Stem cell transplant is a complicated process with many effective approaches (eg. types chemotherapy used, done with or without TBI) and a multitude of variations (eg. dose of chemotherapy used, single fraction or multiple fraction TBI with or without lung dose reduction, low dose.) The absence of a definitively superior approach suggests that no optimum regimen will soon emerge. Therefore, each approach will need to optimized. Given the complexity of the successful transplant, we advocate making only those limited changes to the transplant regimen necessary to test the hypothesis while holding all other variables constant.

We have found no pre-clinical evidence that TBI with bilateral lung shielding improves stem cell homing.
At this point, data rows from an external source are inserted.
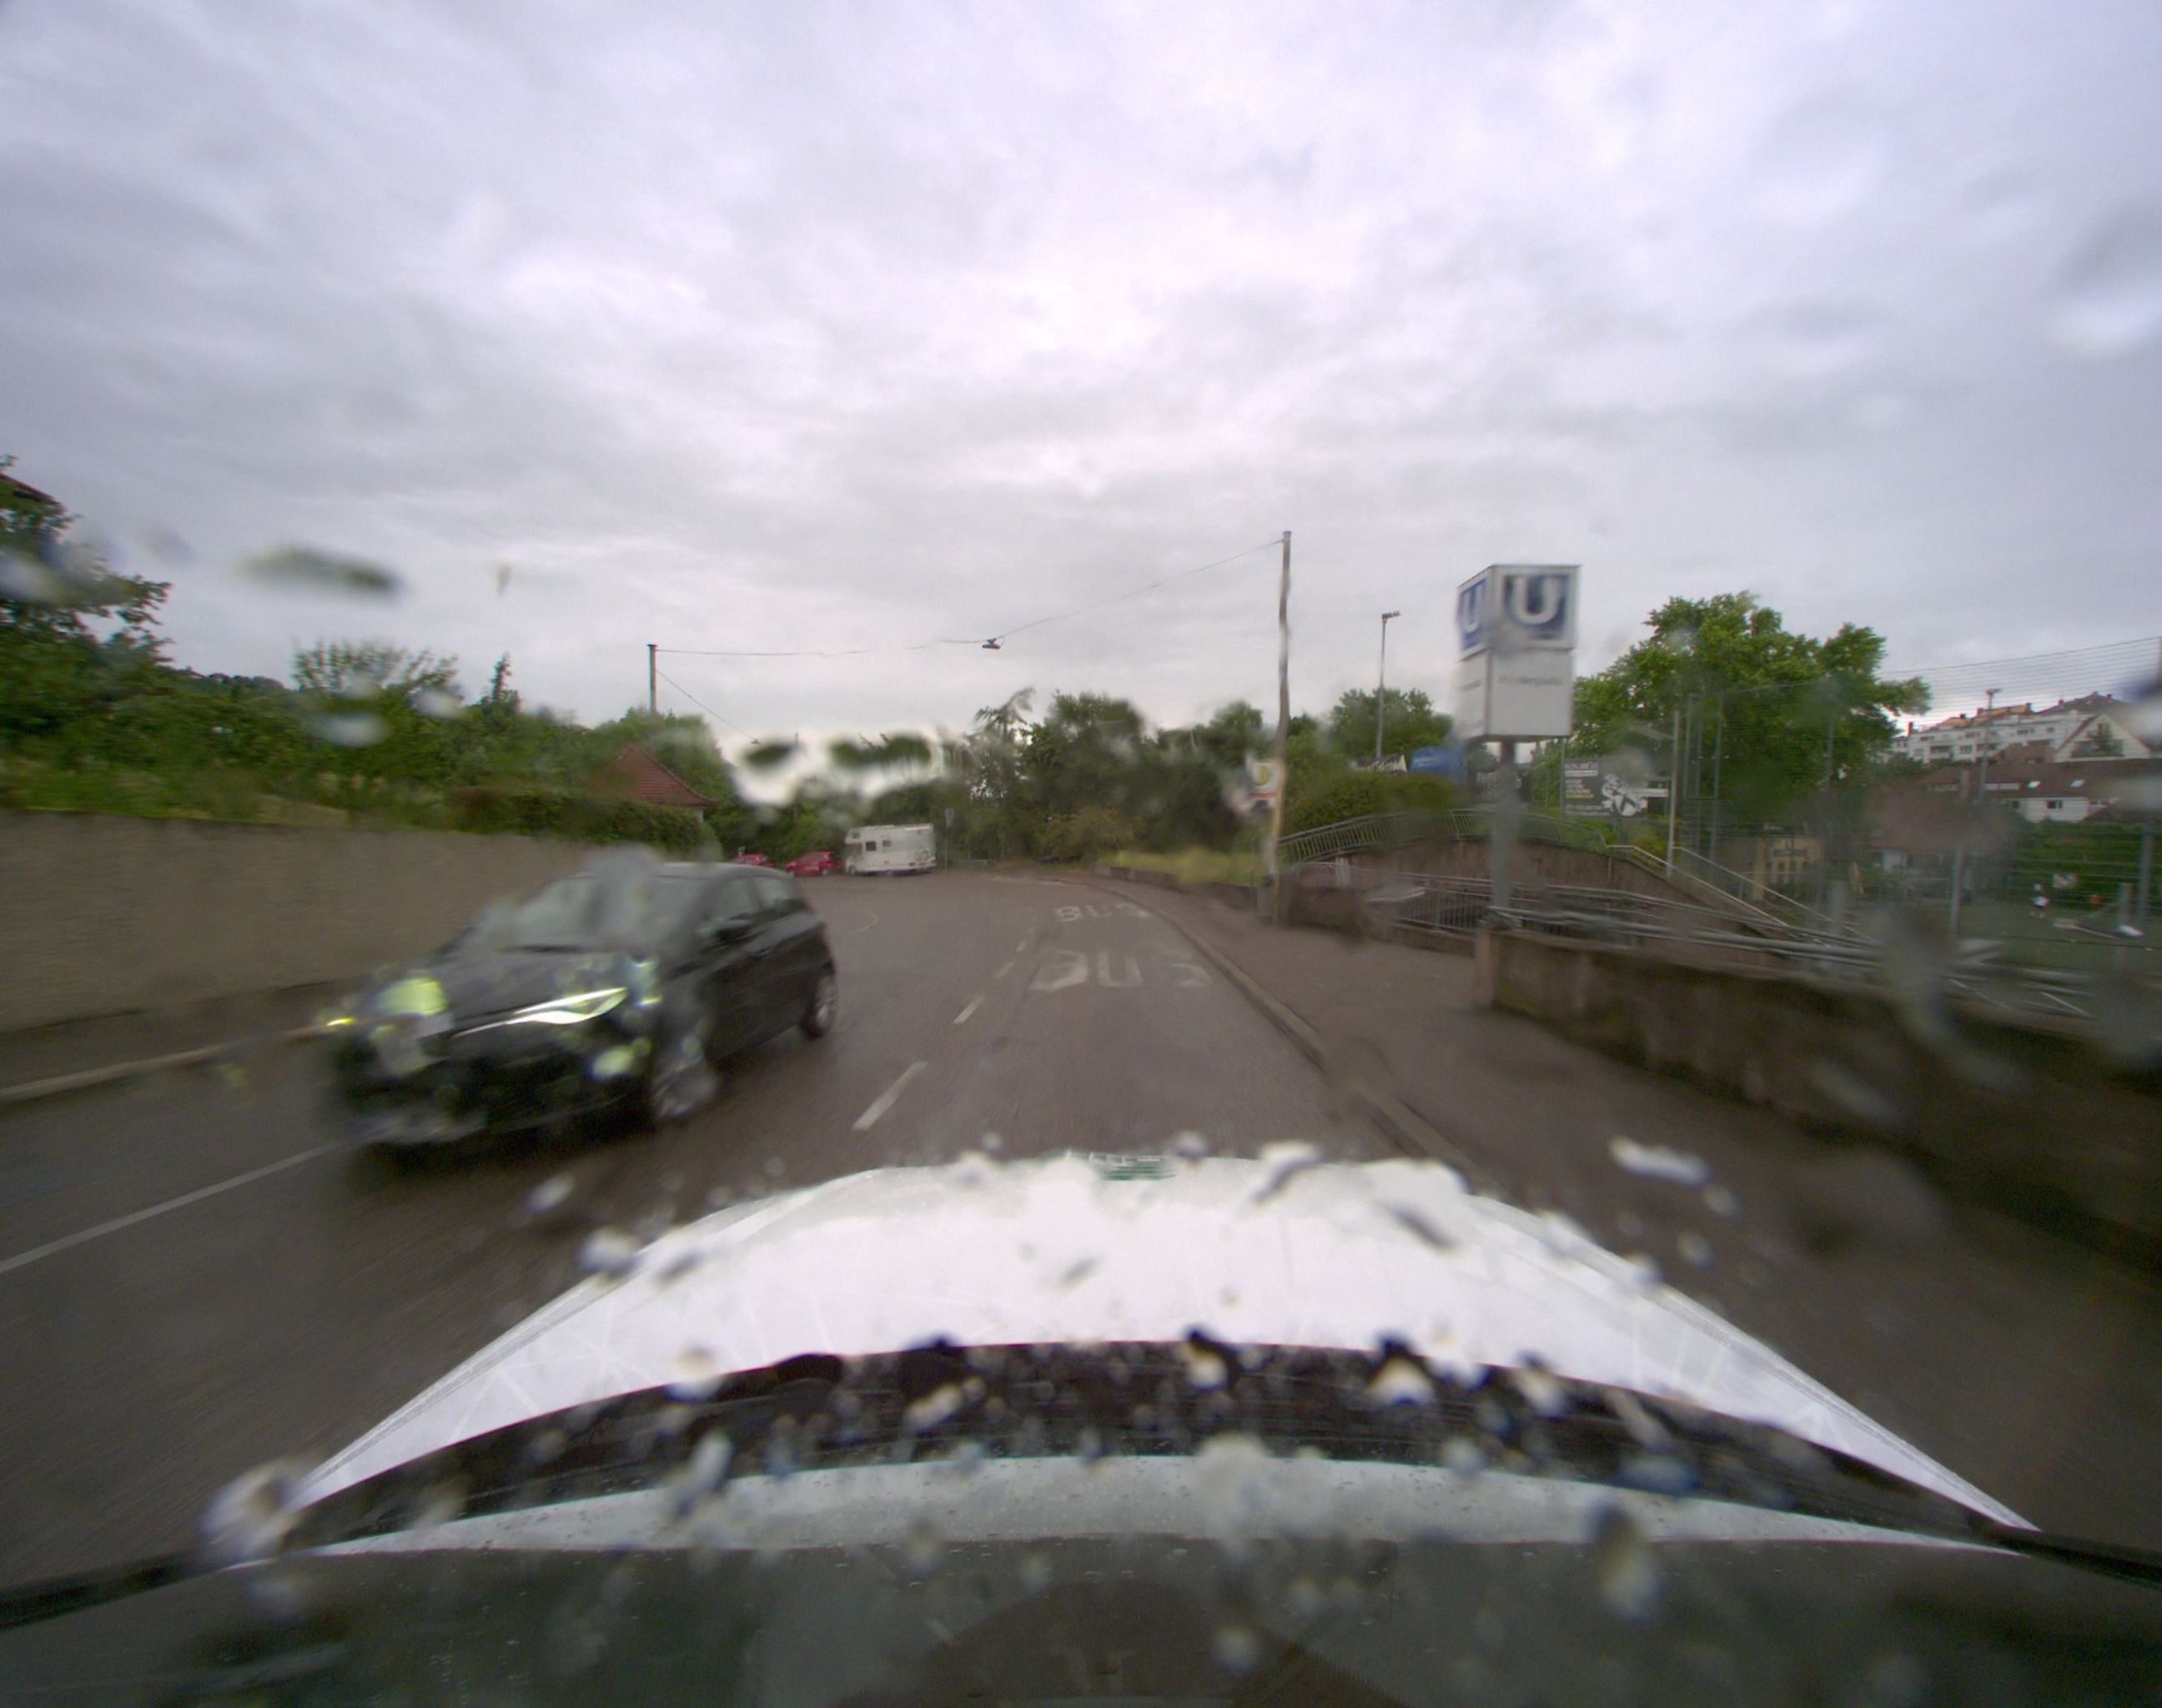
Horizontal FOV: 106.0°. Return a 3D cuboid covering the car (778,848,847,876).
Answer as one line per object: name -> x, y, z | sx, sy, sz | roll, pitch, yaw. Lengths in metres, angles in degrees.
car -> -17.080, 0.510, 51.893 | 3.767, 1.460, 1.653 | -2, 5, 13

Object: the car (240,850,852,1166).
car -> -3.170, 0.740, 5.957 | 1.761, 1.520, 3.976 | -1, 0, 1

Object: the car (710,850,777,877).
car -> -21.963, 0.621, 53.010 | 3.643, 1.513, 1.568 | -2, 4, 8

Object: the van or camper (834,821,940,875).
van or camper -> -11.778, -0.375, 49.363 | 6.200, 2.943, 2.414 | -1, 5, 33

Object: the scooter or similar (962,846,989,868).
scooter or similar -> -6.336, 0.177, 48.877 | 1.687, 1.282, 0.455 | -2, 2, 33
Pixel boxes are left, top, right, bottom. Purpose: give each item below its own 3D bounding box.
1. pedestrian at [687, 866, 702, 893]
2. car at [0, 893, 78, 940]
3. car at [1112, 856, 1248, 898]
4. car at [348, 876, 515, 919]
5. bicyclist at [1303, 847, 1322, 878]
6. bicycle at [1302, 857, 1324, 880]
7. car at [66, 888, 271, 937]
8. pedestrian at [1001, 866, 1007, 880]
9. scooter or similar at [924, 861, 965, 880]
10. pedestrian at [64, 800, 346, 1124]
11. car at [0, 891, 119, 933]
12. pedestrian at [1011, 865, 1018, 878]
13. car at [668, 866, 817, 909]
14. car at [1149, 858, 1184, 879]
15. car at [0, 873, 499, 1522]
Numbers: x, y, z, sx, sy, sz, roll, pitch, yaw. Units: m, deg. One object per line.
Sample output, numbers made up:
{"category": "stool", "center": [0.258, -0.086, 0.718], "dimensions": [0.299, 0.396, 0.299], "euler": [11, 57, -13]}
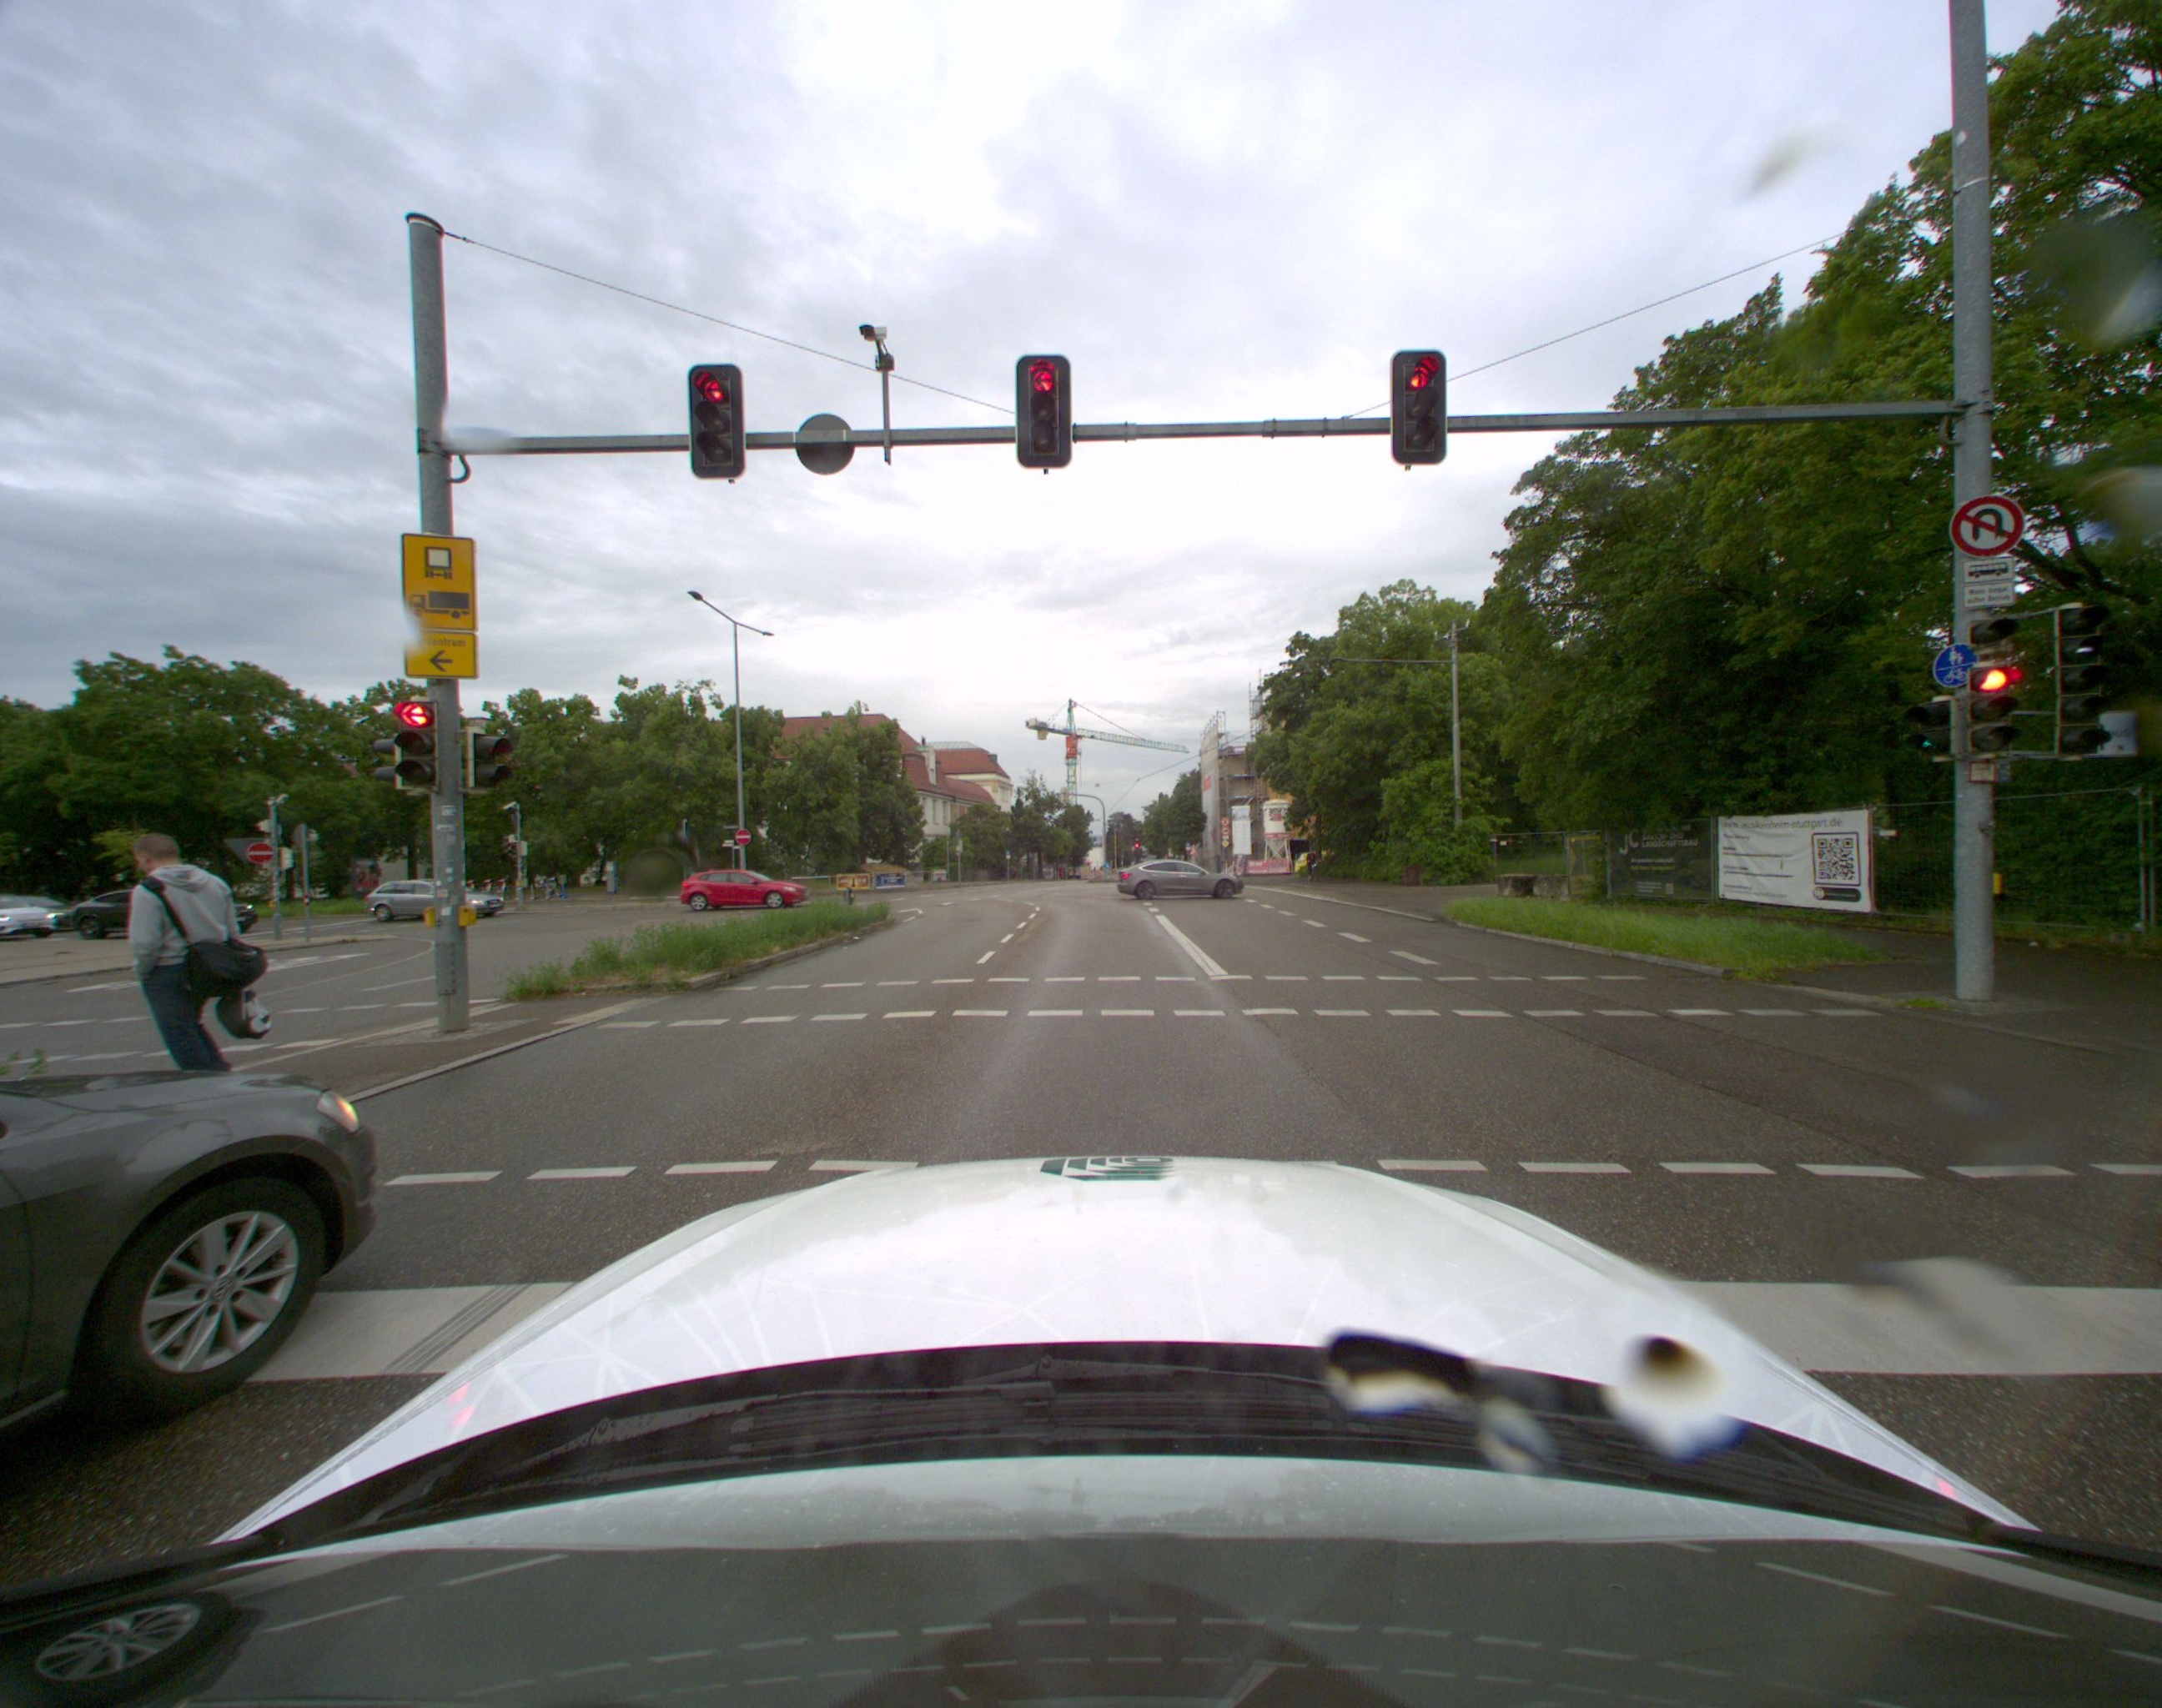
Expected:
{"category": "pedestrian", "center": [-21.688, 1.402, 45.726], "dimensions": [0.619, 1.490, 0.768], "euler": [-1, 0, -15]}
{"category": "car", "center": [-36.624, 2.085, 27.251], "dimensions": [3.761, 1.425, 1.845], "euler": [-1, 0, -1]}
{"category": "car", "center": [3.573, 0.815, 29.992], "dimensions": [4.757, 1.425, 1.999], "euler": [-1, 0, -2]}
{"category": "car", "center": [-23.897, 1.583, 30.110], "dimensions": [4.512, 1.425, 1.999], "euler": [-1, 0, -1]}
{"category": "bicyclist", "center": [11.941, 0.428, 42.042], "dimensions": [0.717, 1.564, 1.143], "euler": [0, -2, 3]}
{"category": "bicycle", "center": [11.952, 0.766, 42.066], "dimensions": [0.717, 1.193, 1.757], "euler": [0, -2, 3]}
{"category": "car", "center": [-29.982, 1.892, 26.881], "dimensions": [4.432, 1.425, 1.999], "euler": [-1, 0, -1]}
{"category": "pedestrian", "center": [-7.957, 1.921, 84.155], "dimensions": [0.584, 1.430, 0.467], "euler": [0, -2, 2]}
{"category": "scooter or similar", "center": [-11.015, 1.326, 65.742], "dimensions": [3.078, 1.440, 0.948], "euler": [-2, 0, -1]}
{"category": "pedestrian", "center": [-5.988, 0.695, 5.624], "dimensions": [0.935, 2.013, 0.848], "euler": [-4, -1, 6]}
{"category": "car", "center": [-39.419, 2.197, 30.866], "dimensions": [3.759, 1.425, 1.846], "euler": [-1, 0, 1]}
{"category": "pedestrian", "center": [-6.948, 1.856, 85.044], "dimensions": [0.635, 1.386, 0.606], "euler": [0, -2, 0]}
{"category": "car", "center": [-12.124, 1.188, 29.410], "dimensions": [4.514, 1.425, 1.999], "euler": [-1, 0, -2]}
{"category": "car", "center": [5.945, 0.995, 57.188], "dimensions": [1.987, 1.425, 4.520], "euler": [-1, 0, 1]}
{"category": "car", "center": [-3.395, 0.838, 1.239], "dimensions": [1.798, 1.429, 4.199], "euler": [-3, 0, 2]}

The mechanisms which explain the survival benefit seen in a subset of patients treated with lung dose reduced, twice daily TBI remain unknown[19]. However, given the success of lung dose reduction and absence of any homing advantage in preclinical models, we are pursuing lower doses of TBI in selected older patients.

Conclusion

The current data adds to the existing literature by showing that the survival benefit seen with lung dose reduced, twice daily TBI[19] likely does not arise from improved homing of hematopoietic stem and progenitor cell homing to the BM. However, no definite conclusion can be reached about homing of the true stem cell subset until that subset is adequately defined.